◆ WORK INSTRUCTIONS: Please copy each line of the records below that includes the word "object".

=== Begin Enclosure ===

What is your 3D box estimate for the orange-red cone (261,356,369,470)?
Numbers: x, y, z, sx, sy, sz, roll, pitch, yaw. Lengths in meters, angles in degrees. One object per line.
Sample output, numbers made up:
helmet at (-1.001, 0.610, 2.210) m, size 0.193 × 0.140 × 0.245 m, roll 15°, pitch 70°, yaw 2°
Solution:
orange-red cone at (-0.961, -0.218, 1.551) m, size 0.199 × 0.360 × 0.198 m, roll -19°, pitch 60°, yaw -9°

=== End Enclosure ===
=== Begin Enclosure ===

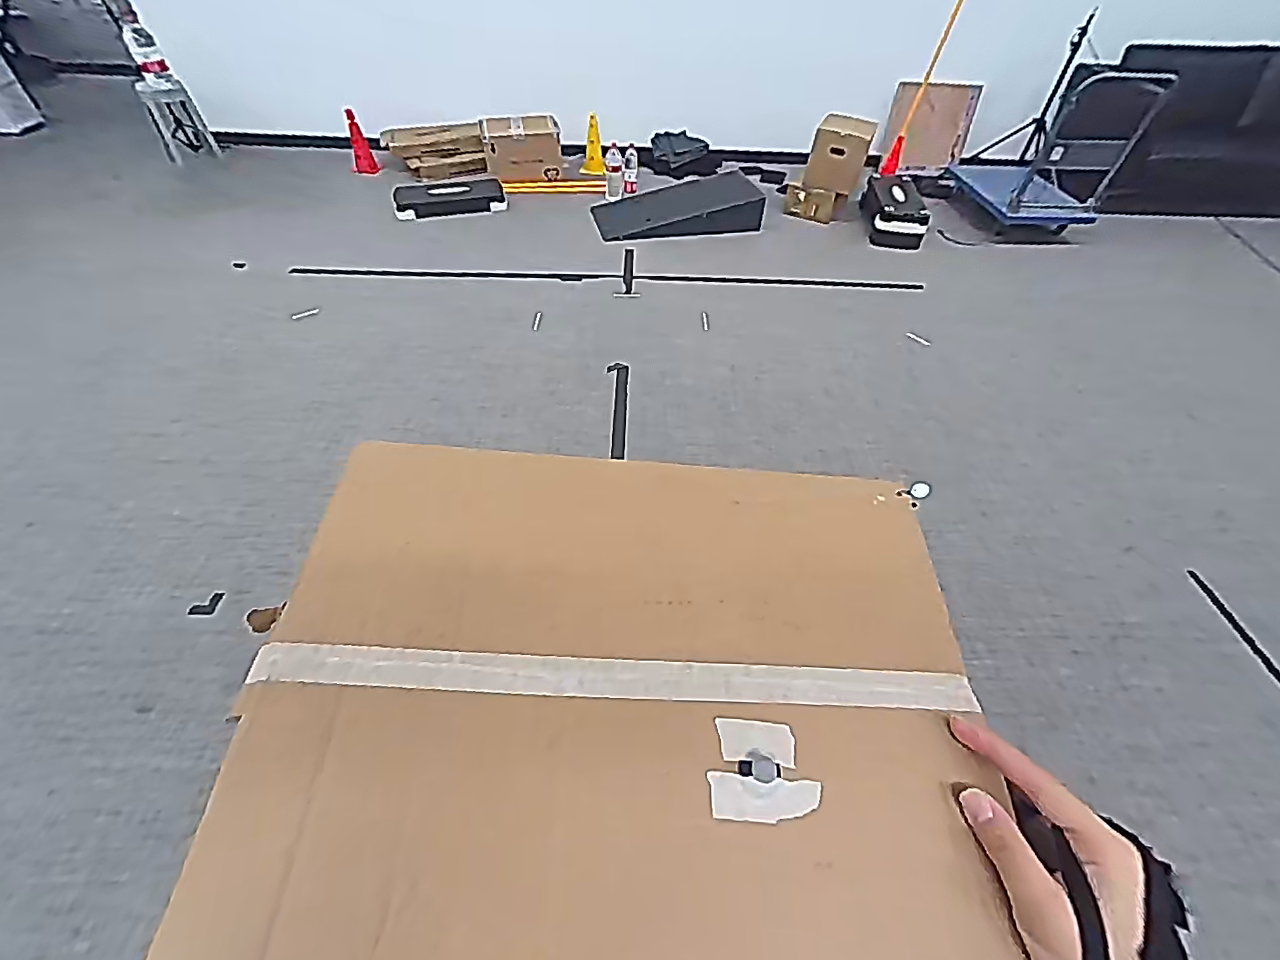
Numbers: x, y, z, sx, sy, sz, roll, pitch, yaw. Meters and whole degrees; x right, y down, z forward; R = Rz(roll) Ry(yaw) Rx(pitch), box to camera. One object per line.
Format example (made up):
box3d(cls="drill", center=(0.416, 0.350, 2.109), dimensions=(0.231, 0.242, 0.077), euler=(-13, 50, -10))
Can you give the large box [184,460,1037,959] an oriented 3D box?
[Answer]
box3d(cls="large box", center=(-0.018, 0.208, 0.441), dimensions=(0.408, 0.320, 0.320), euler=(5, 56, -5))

=== End Enclosure ===

◆ EXERCISE SOLUTION:
Numbers: x, y, z, sx, sy, sz, roll, pitch, yaw. Lengths in meters, angles in degrees. One object per line.
Numbers: x, y, z, sx, sy, sz, roll, pitch, yaw. Meters and whole degrees; x right, y down, z forward; R = Rz(roll) Ry(yaw) Rx(pitch), box to camera. One object per line.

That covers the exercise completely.